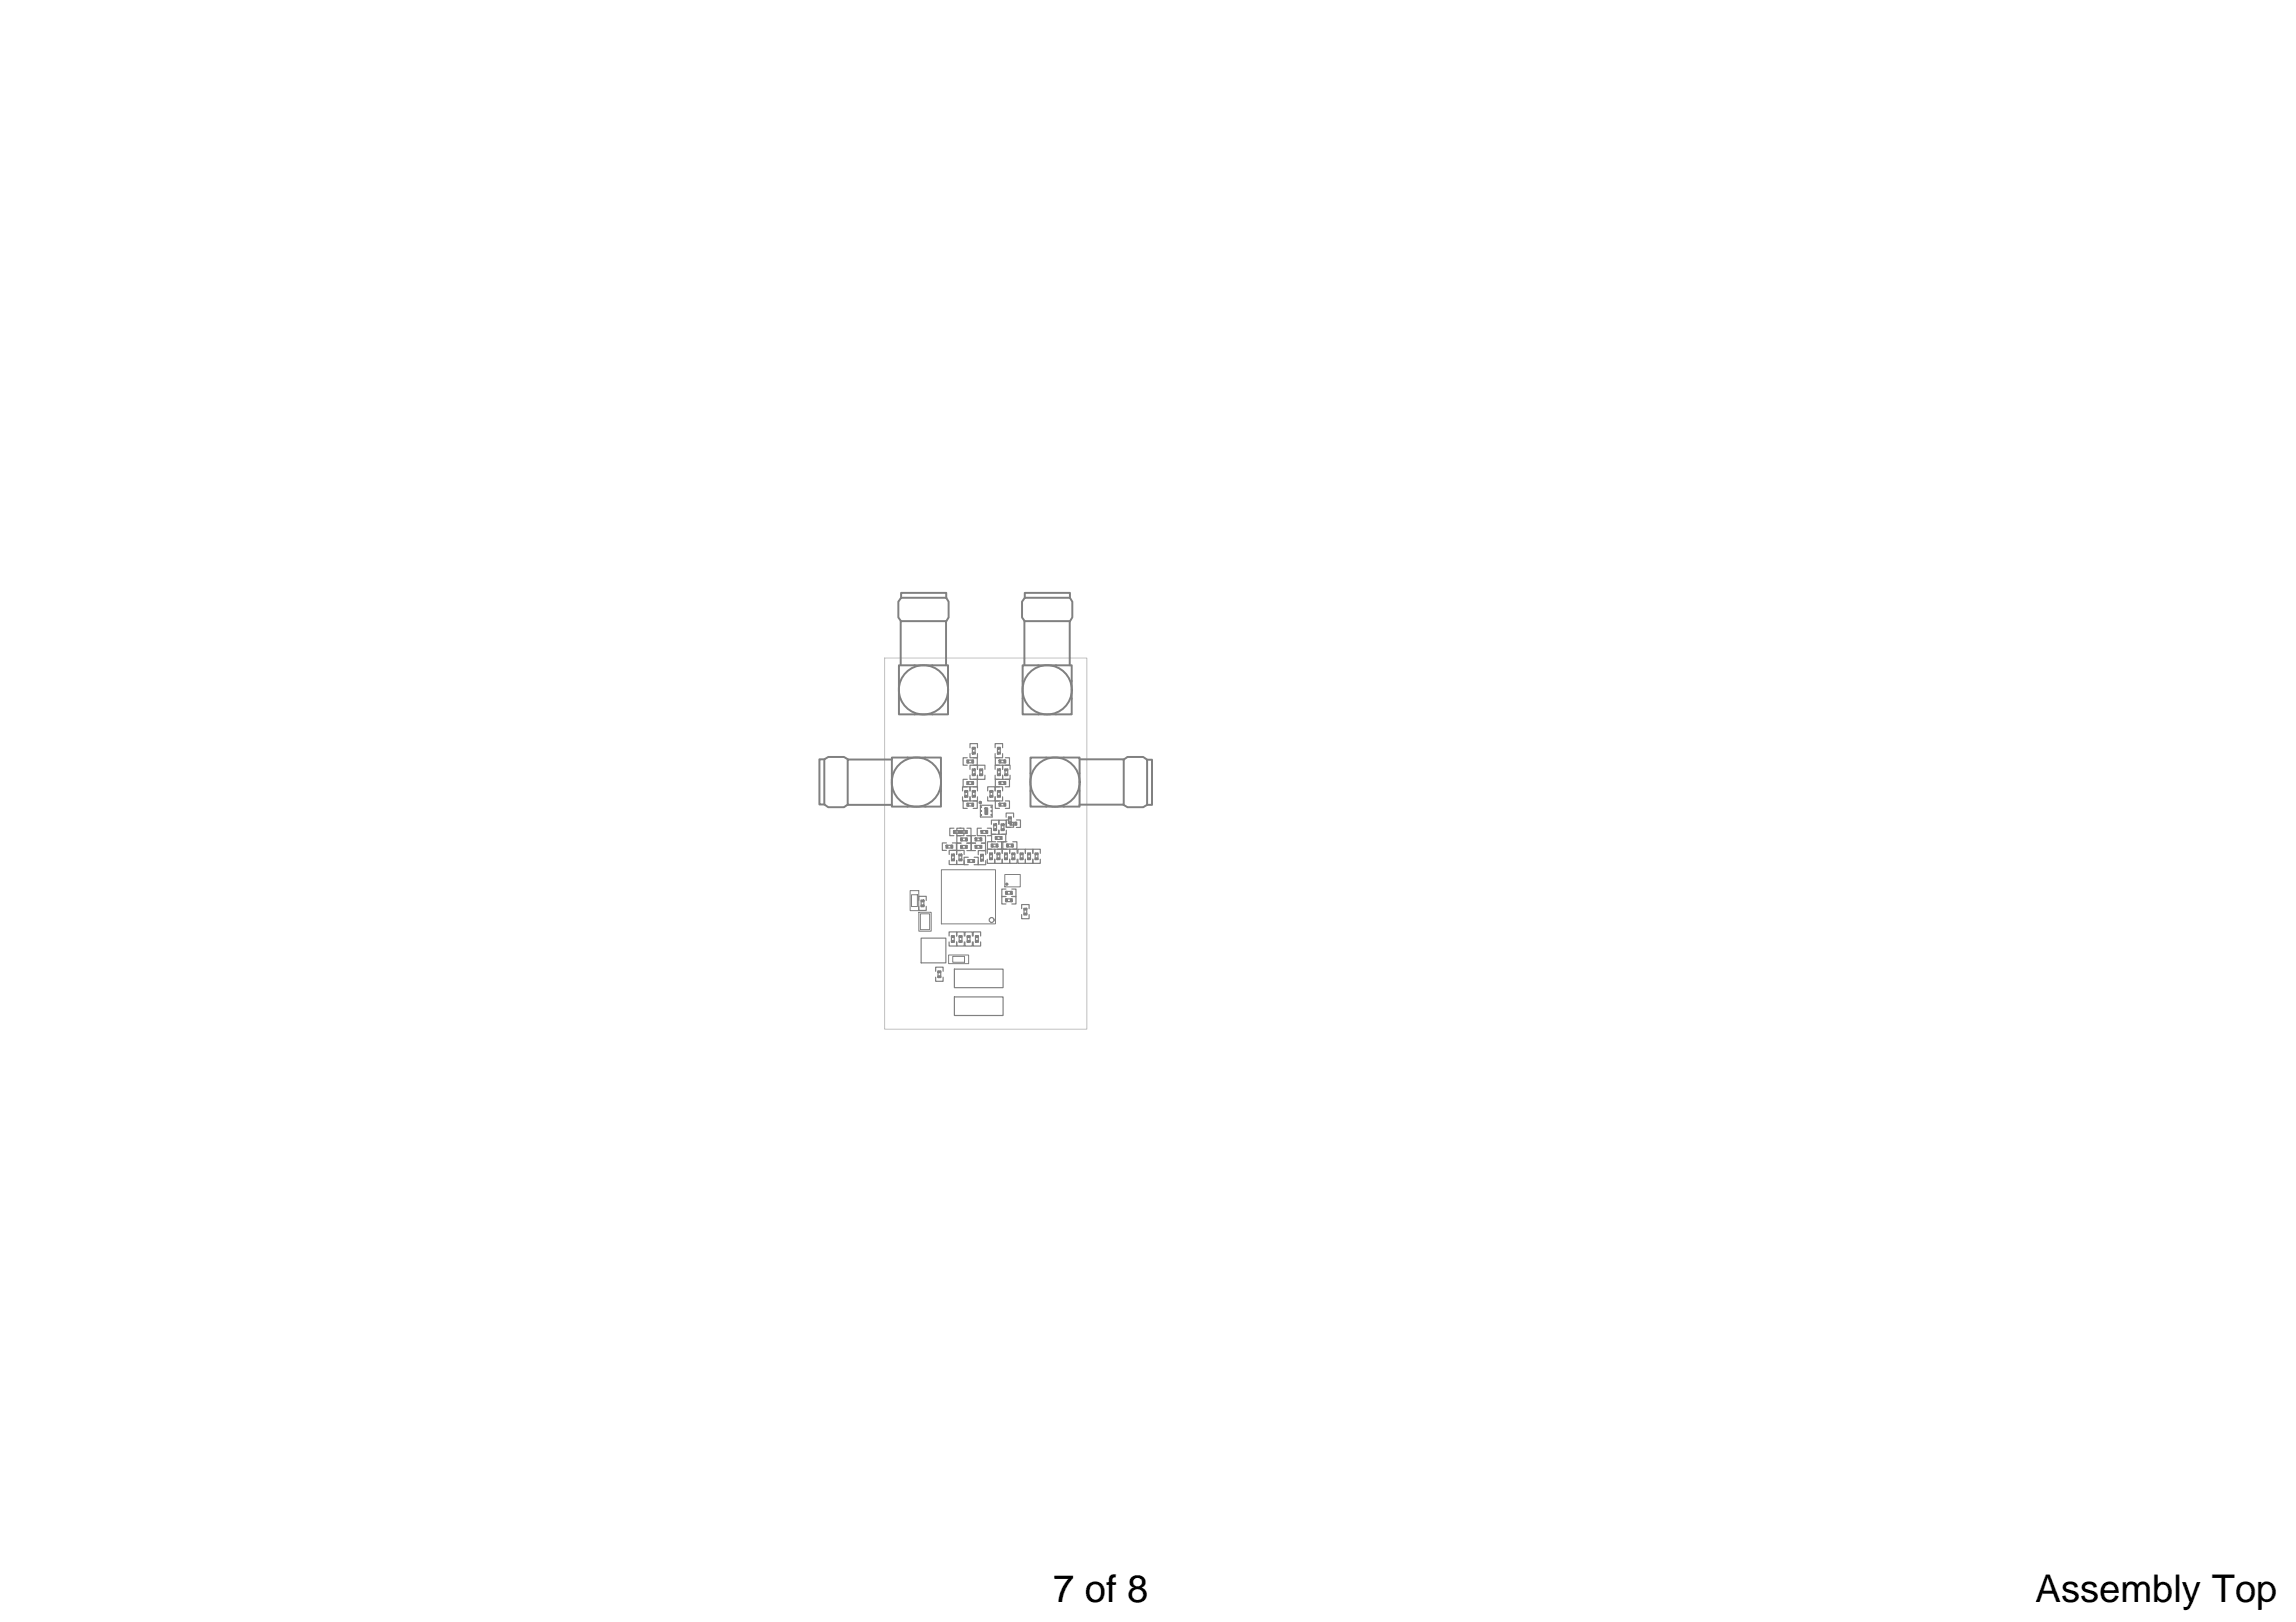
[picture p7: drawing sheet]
<svg xmlns="http://www.w3.org/2000/svg" width="297mm" height="210mm" viewBox="0 0 297 210" stroke-linecap="round" stroke-linejoin="round" font-family="sans-serif">
<defs><g id="words">
<g font-size="16.6" fill="#808080">
<text x="115.6" y="90.8">TRX_HB</text>
<text x="131.6" y="90.8">TRX_LB</text>
</g>
<text font-size="8.2" fill="#808080" x="121.2" y="119">U1</text>
<g font-size="7.8" fill="#808080">
<text x="105.9" y="104">RX</text>
<text x="132.6" y="104">TX</text>
</g>
<text font-size="7" fill="#808080" x="123.2" y="131.3">J1</text>
<g font-size="4.9">
<text x="136.2" y="207.4">7 of 8</text>
<text x="263.4" y="207.4">Assembly Top</text>
</g>
<text font-size="2.7" fill="#808080" x="117.7" y="117.5">C8</text>
<g font-size="2" fill="#808080">
<text x="125.3" y="97.9">CC4</text>
<text x="128.6" y="97.9">CC3</text>
<text x="130" y="106.8">CC2</text>
</g>
<g font-size="1.3" fill="#808080">
<text x="124.5" y="101.8">CHF4</text>
<text x="124.5" y="99">CHF5</text>
<text x="128.7" y="101.8">CHF1</text>
<text x="128.7" y="99">CHF2</text>
<text x="124.5" y="104.6">CHF3</text>
<text x="128.7" y="104.6">CHF0</text>
<text x="121.8" y="110">CR3LR3LR2-1LT2-1LT2-2</text>
<text x="122.8" y="108.1">CC7</text>
<text x="123.7" y="108.1">CC1 CT3</text>
<text x="123.7" y="109.1">CR2CR1-1 LT3</text>
<text x="124.7" y="111.9">LR1-2</text>
<text x="129.5" y="117">C4</text>
<text x="129.5" y="116">C3</text>
</g>
<g font-size=".7" fill="#808080">
<text x="132.4" y="111.6" transform="rotate(-90 132.4 111.6)">LCx1 LCx2</text>
<text x="133.4" y="111.6" transform="rotate(-90 133.4 111.6)">C1x1 C1x2</text>
<text x="134.4" y="111.6" transform="rotate(-90 134.4 111.6)">C2x1 C2x2</text>
<text x="119.6" y="117.7" transform="rotate(-90 119.6 117.7)">C7x2 C7x1</text>
<text x="132.9" y="118.8" transform="rotate(-90 132.9 118.8)">C12x2 C12x1</text>
<text x="123.5" y="122.3" transform="rotate(-90 123.5 122.3)">C5x1 C5x2</text>
<text x="124.5" y="122.3" transform="rotate(-90 124.5 122.3)">C10x1 C10x2</text>
<text x="125.6" y="122.3" transform="rotate(-90 125.6 122.3)">C11x1 C11x2</text>
<text x="126.6" y="122.3" transform="rotate(-90 126.6 122.3)">C9x1 C9x2</text>
<text x="121.8" y="126.9" transform="rotate(-90 121.8 126.9)">C13x1 C13x2</text>
</g>
</g></defs>
<path d="M114.4 85.2h26.2v48h-26.2z" fill="none" stroke="#c0c0c0" stroke-width=".13"/>
<path d="M118.9 118.1h1.6v2.4h-1.6zM119.1 118.3h1.2v2h-1.2zM126.9 104.4l.1 .1zM126.9 104.9l.1 .1zM126.9 105.4l.1 .1zM128.2 104.4l.1 .1zM128.2 104.9l.1 .1zM128.2 105.4l.1 .1zM130 113.2h2v1.6h-2zM122.7 123.6h2.6v1.1h-2.6zM123.3 123.8h1.5v.7h-1.5z" fill="none" stroke="#808080" stroke-width=".13"/>
<g fill="none" stroke="#808080" stroke-width=".15">
<path d="M125.1 98.1h-.5v.9h.5M125.5 99.6v-.6h1v.6v-.6h.9v.6M125.8 99.5v.9M126.2 99.5v.9M126.8 99.5v.9M127.1 99.5v.9M128.7 99.6v-.6h1v.6v-.6h1v.6M129 99.5v.9M129.4 99.5v.9M130 99.5v.9M130.4 99.5v.9M122.4 109.7h.9"/>
<path d="M122.4 109.1h-.5v.9h.5M122.8 111.3v.6h1v-.6v.6h.9v-.6M122.8 110.6v-.6h1v.6v-.6h.9v.6M123.1 110.5v.9M123.2 109.1h.5v.9h-.5M123.4 107.2h-.5v.9h.5M123.5 110.5v.9M124.1 110.5v.9M124.2 107.2h.5v.9h-.5M124.3 109.8h.8M124.3 107.2h-.5v.9h.5h-.5v1h.5h-.5v1h.5M124.5 103.1v.5h1v-.5v.5h1v-.5"/>
<path d="M124.5 102.4v-.6h1v.6v-.6h1v.6M124.8 102.3v.9M125.1 107.2h.5v.9h-.5h.5v1h-.5h.5v1h-.5M125.2 102.3v.9M125.3 110.9h-.6v1h.6M125.5 100.3v.6h1v-.6v.6h.9v-.6M125.8 102.3v.9M126 110.9h.6v1h-.6M126.2 102.3v.9M126.2 108.1h-.5v1h.5h-.5v1h.5M126.6 110.6v-.5h.9v.5M126.6 111.4v.5h.9v-.5"/>
<path d="M126.8 104.2h1.6v1.5h-1.6zM127 107.2h-.6v.9h1.1v1h-.5h.5v1h-.5M127.2 110.6v.8M127.7 107.2h.6v.9h-.6M127.7 110.4v-.5h1v.5v-.5h1v.5v-.5h.9v.5v-.5h1v.5M127.7 111.2v.5h1v-.5v.5h1v-.5v.5h.9v-.5v.5h1v-.5M127.8 103.1v.5h.9v-.5v.5h1v-.5M127.8 102.4v-.6h.9v.6v-.6h1v.6M128 110.4v.8M128.1 102.3v.9M128.3 107.4v.6h.9v-.6v.6h1v-.6M128.3 106.7v-.6h.9v.6v-.6h1v.6"/>
<path d="M128.3 108.9h-.5v1h.5M128.4 110.4v.8M128.4 102.3v.9M128.6 106.6v.9M128.7 100.3v.6h1v-.6v.6h1v-.6M128.8 108.3h.8M128.8 108h-.5v.9h.5M128.9 106.6v.9M129 110.4v.8M129 108.9h.6v1h-.6M129 102.3v.9M129.4 110.4v.8"/>
<path d="M129.4 102.3v.9M129.5 106.6v.9M129.6 108h.5v.9h-.5M129.9 106.6v.9M130 110.4v.8M130.1 103.6h.5v1h-.5M130.1 115.1h-.5v.9h.5h-.5v1h.5M130.2 105.8v-.6h.9v.6M130.2 106.5v.6h.9v-.6M130.3 108.9h-.6v1h.6M130.3 110.4v.8M130.5 105.7v.9"/>
<path d="M130.7 106.1h-.5v1h.5M130.8 105.7v.9M130.9 115.1h.5v.9h-.5h.5v1h-.5M130.9 110.4v.8M131 108.9h.6v1h-.6M131.3 110.4v.8M131.5 106.1h.5v1h-.5M119.2 121.4h3.2v3.2h-3.2z"/>
</g>
<g fill="#808080" stroke="#808080" stroke-width=".25">
<path d="M127.5 104.6h.2v.8h-.2z"/>
<path d="M130.5 106.4v.1h.3v-.1zM130.5 105.8v.1h.3v-.1z"/>
<path d="M123.2 110.6v.1h.2v-.1zM123.2 111.2v.1h.2v-.1z"/>
<path d="M129.6 106.7v.1h.2v-.1zM129.6 107.3v.1h.2v-.1z"/>
<path d="M124.1 110.6v.1h.3v-.1zM124.1 111.2v.1h.3v-.1z"/>
<path d="M129.1 102.4v.1h.3v-.1zM129.1 103v.1h.3v-.1z"/>
<path d="M129.1 99.6v.1h.3v-.1zM129.1 100.2v.1h.3v-.1z"/>
<path d="M125.8 102.4v.1h.3v-.1zM125.8 103v.1h.3v-.1z"/>
<path d="M125.8 99.6v.1h.3v-.1zM125.8 100.2v.1h.3v-.1z"/>
<path d="M126.9 111.2v.2h.3v-.2zM126.9 110.6v.1h.3v-.1z"/>
<path d="M128.1 103v.1h.3v-.1zM128.1 102.4v.1h.3v-.1z"/>
<path d="M130.1 100.2v.1h.2v-.1zM130.1 99.6v.1h.2v-.1z"/>
<path d="M124.9 103v.1h.2v-.1zM124.9 102.4v.1h.2v-.1z"/>
<path d="M126.8 100.2v.1h.3v-.1zM126.8 99.6v.1h.3v-.1z"/>
<path d="M129 111.1v.1h.3v-.1zM129 110.4v.2h.3v-.2z"/>
<path d="M131 111.1v.1h.2v-.1zM131 110.4v.2h.2v-.2z"/>
<path d="M128.1 111.1v.1h.2v-.1zM128.1 110.4v.2h.2v-.2z"/>
<path d="M130 111.1v.1h.3v-.1zM130 110.4v.2h.3v-.2z"/>
<path d="M128.6 106.7v.1h.3v-.1zM128.6 107.3v.1h.3v-.1z"/>
</g>
<g fill="none" stroke="#808080" stroke-width=".25">
<path d="M116.3 90.4v2h2M117.4 98h-2v2.1M118.3 86.1h-2v2M119.7 98h2v2.1M120.6 86.1h2v2M122.6 90.4v2h-2M132.3 90.4v2h2M134.3 86.1h-2v2M135.3 98h-2v2.1M136.6 86.1h2v2M137.6 98h2.1v2.1M138.6 90.4v2h-2"/>
<path d="M115.4 102.4v2h2M121.7 102.4v2h-2M133.3 102.4v2h2M139.7 102.4v2h-2.1"/>
</g>
<circle cx="130.2" cy="114.4" r=".11" fill="none" stroke="#808080" stroke-width=".2"/>
<use href="#words"/>
</svg>

^^^^^^^^^^^^^^^^

Could you report every line of the material that contains the string "font"?

<svg xmlns="http://www.w3.org/2000/svg" width="297mm" height="210mm" viewBox="0 0 297 210" stroke-linecap="round" stroke-linejoin="round" font-family="sans-serif">
<g font-size="16.6" fill="#808080">
<text font-size="8.2" fill="#808080" x="121.2" y="119">U1</text>
<g font-size="7.8" fill="#808080">
<text font-size="7" fill="#808080" x="123.2" y="131.3">J1</text>
<g font-size="4.9">
<text font-size="2.7" fill="#808080" x="117.7" y="117.5">C8</text>
<g font-size="2" fill="#808080">
<g font-size="1.3" fill="#808080">
<g font-size=".7" fill="#808080">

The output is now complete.